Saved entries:
== Segment start ==
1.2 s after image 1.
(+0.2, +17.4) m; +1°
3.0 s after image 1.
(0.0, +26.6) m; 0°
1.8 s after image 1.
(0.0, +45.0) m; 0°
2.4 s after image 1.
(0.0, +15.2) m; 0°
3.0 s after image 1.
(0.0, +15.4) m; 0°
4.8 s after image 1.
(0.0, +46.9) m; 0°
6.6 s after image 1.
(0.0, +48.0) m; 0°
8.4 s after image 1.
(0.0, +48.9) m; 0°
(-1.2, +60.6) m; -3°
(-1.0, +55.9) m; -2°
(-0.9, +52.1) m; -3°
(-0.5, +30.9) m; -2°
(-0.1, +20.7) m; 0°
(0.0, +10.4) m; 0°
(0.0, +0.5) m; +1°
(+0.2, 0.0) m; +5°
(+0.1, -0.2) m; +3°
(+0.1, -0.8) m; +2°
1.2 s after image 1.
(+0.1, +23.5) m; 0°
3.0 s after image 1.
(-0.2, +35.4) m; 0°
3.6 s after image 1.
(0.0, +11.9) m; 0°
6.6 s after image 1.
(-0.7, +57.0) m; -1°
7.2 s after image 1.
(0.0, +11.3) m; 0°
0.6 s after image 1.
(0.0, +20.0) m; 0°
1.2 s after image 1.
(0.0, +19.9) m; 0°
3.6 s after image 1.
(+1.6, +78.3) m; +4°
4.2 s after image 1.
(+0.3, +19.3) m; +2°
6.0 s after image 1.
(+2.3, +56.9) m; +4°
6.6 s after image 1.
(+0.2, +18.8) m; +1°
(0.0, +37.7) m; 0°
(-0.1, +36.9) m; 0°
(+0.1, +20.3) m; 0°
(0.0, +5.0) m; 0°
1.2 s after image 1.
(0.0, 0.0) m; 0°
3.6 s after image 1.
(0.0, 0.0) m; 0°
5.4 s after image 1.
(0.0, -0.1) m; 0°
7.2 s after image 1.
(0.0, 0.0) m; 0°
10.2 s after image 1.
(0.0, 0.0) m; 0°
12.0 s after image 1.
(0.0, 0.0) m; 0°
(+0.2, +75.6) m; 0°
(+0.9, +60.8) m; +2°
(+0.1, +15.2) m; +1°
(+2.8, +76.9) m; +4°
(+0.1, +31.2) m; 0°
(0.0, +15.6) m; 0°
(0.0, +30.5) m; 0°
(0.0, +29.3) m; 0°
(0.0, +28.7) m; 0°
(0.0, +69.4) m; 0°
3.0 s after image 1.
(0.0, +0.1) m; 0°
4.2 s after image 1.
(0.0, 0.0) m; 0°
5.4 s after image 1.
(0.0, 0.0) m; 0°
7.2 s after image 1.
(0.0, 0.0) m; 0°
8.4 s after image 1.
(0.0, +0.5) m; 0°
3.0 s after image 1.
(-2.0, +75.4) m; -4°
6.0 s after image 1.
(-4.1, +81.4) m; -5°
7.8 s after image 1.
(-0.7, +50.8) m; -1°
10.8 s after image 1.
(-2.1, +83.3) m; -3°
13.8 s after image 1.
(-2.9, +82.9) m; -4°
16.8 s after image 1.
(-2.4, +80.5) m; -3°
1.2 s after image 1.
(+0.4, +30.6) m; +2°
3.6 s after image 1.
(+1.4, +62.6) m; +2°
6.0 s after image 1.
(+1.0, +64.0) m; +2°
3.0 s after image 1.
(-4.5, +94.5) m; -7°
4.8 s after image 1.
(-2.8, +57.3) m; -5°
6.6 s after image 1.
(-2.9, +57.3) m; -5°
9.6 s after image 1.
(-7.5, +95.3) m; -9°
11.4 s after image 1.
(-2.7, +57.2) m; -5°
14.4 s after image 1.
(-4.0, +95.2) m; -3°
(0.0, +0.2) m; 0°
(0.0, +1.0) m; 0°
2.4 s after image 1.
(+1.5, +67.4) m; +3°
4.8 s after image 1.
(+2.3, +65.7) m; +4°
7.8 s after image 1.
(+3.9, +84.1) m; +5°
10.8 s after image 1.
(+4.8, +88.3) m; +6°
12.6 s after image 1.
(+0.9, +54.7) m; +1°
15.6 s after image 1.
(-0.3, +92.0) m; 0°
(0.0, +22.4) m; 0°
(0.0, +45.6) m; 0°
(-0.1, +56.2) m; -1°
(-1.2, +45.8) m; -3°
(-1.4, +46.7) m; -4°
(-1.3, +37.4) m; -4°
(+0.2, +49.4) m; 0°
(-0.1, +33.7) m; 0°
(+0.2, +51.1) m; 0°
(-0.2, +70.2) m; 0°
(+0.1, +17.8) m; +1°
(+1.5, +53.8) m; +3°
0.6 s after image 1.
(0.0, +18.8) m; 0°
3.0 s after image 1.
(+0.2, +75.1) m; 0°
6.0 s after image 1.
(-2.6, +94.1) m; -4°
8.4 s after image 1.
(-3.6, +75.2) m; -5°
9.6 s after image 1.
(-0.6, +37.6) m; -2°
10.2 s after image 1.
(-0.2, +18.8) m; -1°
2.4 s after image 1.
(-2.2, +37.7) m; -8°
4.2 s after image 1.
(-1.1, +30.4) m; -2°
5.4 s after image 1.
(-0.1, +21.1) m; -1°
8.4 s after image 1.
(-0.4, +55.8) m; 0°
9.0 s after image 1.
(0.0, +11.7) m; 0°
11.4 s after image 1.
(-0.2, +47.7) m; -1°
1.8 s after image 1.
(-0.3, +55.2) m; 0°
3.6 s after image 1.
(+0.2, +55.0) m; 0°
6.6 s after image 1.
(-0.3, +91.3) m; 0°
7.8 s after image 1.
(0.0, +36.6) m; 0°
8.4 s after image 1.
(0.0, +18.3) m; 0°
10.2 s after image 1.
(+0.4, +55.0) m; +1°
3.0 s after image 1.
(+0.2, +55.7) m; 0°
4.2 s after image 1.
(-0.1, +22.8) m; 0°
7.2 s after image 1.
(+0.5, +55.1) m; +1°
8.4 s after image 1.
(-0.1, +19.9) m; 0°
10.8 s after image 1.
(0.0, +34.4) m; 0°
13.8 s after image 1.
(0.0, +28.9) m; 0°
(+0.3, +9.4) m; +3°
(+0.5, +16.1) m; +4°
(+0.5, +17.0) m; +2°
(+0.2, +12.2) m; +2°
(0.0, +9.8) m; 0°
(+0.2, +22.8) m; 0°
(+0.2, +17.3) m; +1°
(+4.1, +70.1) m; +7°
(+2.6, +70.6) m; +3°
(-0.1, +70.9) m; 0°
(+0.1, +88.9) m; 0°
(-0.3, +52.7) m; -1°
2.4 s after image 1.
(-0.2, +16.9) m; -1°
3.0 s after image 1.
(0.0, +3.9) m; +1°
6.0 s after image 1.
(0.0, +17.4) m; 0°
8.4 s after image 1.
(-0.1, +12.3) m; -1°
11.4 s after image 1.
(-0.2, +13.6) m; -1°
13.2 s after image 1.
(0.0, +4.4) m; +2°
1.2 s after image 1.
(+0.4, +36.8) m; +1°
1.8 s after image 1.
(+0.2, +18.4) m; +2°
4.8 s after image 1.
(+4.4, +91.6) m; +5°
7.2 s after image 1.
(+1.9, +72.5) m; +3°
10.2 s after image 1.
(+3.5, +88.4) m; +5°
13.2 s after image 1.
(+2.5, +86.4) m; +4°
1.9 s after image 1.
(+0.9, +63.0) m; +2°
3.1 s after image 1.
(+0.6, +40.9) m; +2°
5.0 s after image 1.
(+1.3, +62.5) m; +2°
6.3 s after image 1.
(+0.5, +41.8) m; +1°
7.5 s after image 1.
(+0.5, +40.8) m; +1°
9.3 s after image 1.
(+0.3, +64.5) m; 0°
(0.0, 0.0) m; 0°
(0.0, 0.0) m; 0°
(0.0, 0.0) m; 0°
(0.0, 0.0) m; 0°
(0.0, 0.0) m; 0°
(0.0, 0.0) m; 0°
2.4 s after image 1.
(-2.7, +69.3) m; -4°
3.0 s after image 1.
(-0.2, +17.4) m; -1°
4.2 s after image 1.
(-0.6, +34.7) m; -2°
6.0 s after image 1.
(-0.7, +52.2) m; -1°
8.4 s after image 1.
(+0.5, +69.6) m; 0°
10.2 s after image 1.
== Segment end ==
WHAT THIS TASK INVOLVES: Nothing from before the line containing "6.3 s after image 1." should appear; copy that line and each one after it through the last line of the entries, exactly.

TASK OUTPUT:
6.3 s after image 1.
(+0.5, +41.8) m; +1°
7.5 s after image 1.
(+0.5, +40.8) m; +1°
9.3 s after image 1.
(+0.3, +64.5) m; 0°
(0.0, 0.0) m; 0°
(0.0, 0.0) m; 0°
(0.0, 0.0) m; 0°
(0.0, 0.0) m; 0°
(0.0, 0.0) m; 0°
(0.0, 0.0) m; 0°
2.4 s after image 1.
(-2.7, +69.3) m; -4°
3.0 s after image 1.
(-0.2, +17.4) m; -1°
4.2 s after image 1.
(-0.6, +34.7) m; -2°
6.0 s after image 1.
(-0.7, +52.2) m; -1°
8.4 s after image 1.
(+0.5, +69.6) m; 0°
10.2 s after image 1.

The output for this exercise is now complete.